Exercise data ->

=== Section Start ===

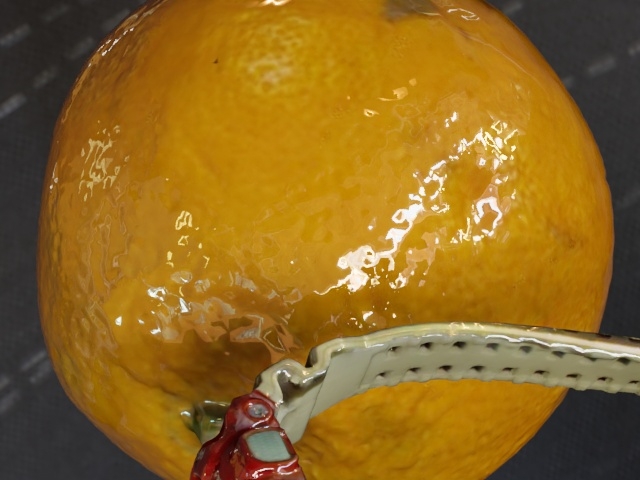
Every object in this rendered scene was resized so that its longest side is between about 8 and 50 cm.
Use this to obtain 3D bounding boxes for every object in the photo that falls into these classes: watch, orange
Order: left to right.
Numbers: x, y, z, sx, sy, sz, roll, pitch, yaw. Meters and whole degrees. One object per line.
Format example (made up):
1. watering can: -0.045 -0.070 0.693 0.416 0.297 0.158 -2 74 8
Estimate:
1. orange: 0.000 0.000 0.826 0.312 0.312 0.312 -22 30 14
2. watch: 0.084 0.111 0.595 0.268 0.102 0.165 3 57 -11

=== Section End ===

The task -> All of the material is to be reproduced verbatim, pictures excluded.

Answer section ->
Every object in this rendered scene was resized so that its longest side is between about 8 and 50 cm.
Use this to obtain 3D bounding boxes for every object in the photo that falls into these classes: watch, orange
Order: left to right.
Numbers: x, y, z, sx, sy, sz, roll, pitch, yaw. Meters and whole degrees. One object per line.
Format example (made up):
1. watering can: -0.045 -0.070 0.693 0.416 0.297 0.158 -2 74 8
Estimate:
1. orange: 0.000 0.000 0.826 0.312 0.312 0.312 -22 30 14
2. watch: 0.084 0.111 0.595 0.268 0.102 0.165 3 57 -11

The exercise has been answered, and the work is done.